### Required action:
From the line containing "Now the shelving unit (952,171,1050,542)." through the last line of the entries below, repeat each line word for word and leave out the rest.

### Input data:
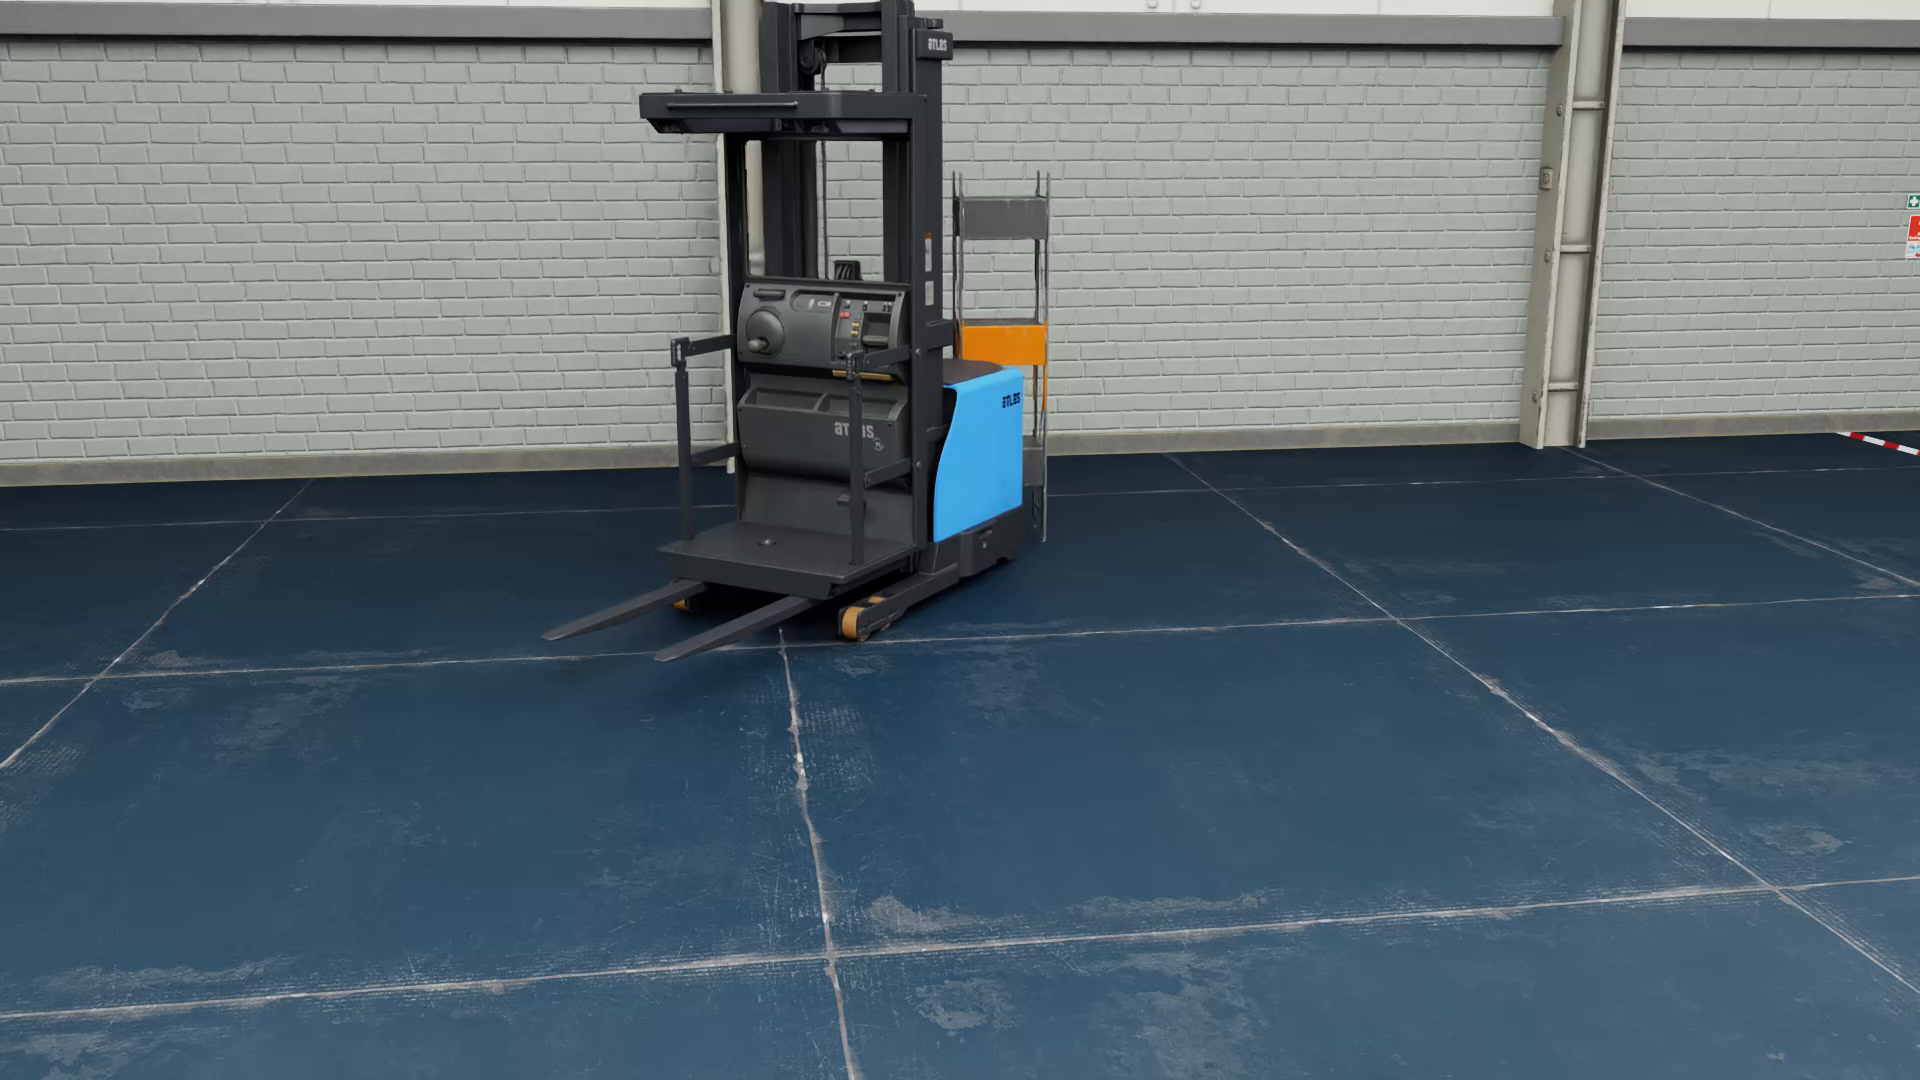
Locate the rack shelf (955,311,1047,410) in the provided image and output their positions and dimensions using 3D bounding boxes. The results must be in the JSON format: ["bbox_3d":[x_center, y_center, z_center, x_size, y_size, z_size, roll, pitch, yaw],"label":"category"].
[{"bbox_3d":[0.227,-1.034,9.583,0.480,0.518,0.431,-2,14,-6],"label":"rack shelf"}]

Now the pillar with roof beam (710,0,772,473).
[{"bbox_3d":[-0.806,-3.839,6.530,0.400,9.000,9.100,-2,14,-8],"label":"pillar with roof beam"}]

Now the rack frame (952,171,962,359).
[{"bbox_3d":[-0.016,-1.040,9.554,0.015,2.100,0.400,-2,14,-6],"label":"rack frame"}]

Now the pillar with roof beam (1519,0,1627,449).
[{"bbox_3d":[5.127,-4.056,7.397,0.400,9.000,9.100,-2,14,-8],"label":"pillar with roof beam"}]

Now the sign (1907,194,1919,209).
[{"bbox_3d":[7.413,-2.596,12.745,0.331,0.109,0.001,-2,14,-8],"label":"sign"}]

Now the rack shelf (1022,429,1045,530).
[{"bbox_3d":[0.227,-0.355,9.754,0.480,0.518,0.431,-2,14,-6],"label":"rack shelf"}]

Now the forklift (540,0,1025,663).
[{"bbox_3d":[-0.786,-1.070,7.961,1.130,2.935,3.031,8,16,28],"label":"forklift"}]

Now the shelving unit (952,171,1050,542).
[{"bbox_3d":[0.227,-1.047,9.580,0.503,2.100,0.431,-2,14,-6],"label":"shelving unit"}]

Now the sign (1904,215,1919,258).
[{"bbox_3d":[7.408,-2.341,12.817,0.234,0.329,0.001,-2,14,-8],"label":"sign"}]

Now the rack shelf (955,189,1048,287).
[{"bbox_3d":[0.227,-1.713,9.413,0.480,0.518,0.431,-2,14,-6],"label":"rack shelf"}]

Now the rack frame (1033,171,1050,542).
[{"bbox_3d":[0.469,-1.054,9.606,0.015,2.100,0.400,-2,14,-6],"label":"rack frame"}]

### Result of the task:
Now the shelving unit (952,171,1050,542).
[{"bbox_3d":[0.227,-1.047,9.580,0.503,2.100,0.431,-2,14,-6],"label":"shelving unit"}]

Now the sign (1904,215,1919,258).
[{"bbox_3d":[7.408,-2.341,12.817,0.234,0.329,0.001,-2,14,-8],"label":"sign"}]

Now the rack shelf (955,189,1048,287).
[{"bbox_3d":[0.227,-1.713,9.413,0.480,0.518,0.431,-2,14,-6],"label":"rack shelf"}]

Now the rack frame (1033,171,1050,542).
[{"bbox_3d":[0.469,-1.054,9.606,0.015,2.100,0.400,-2,14,-6],"label":"rack frame"}]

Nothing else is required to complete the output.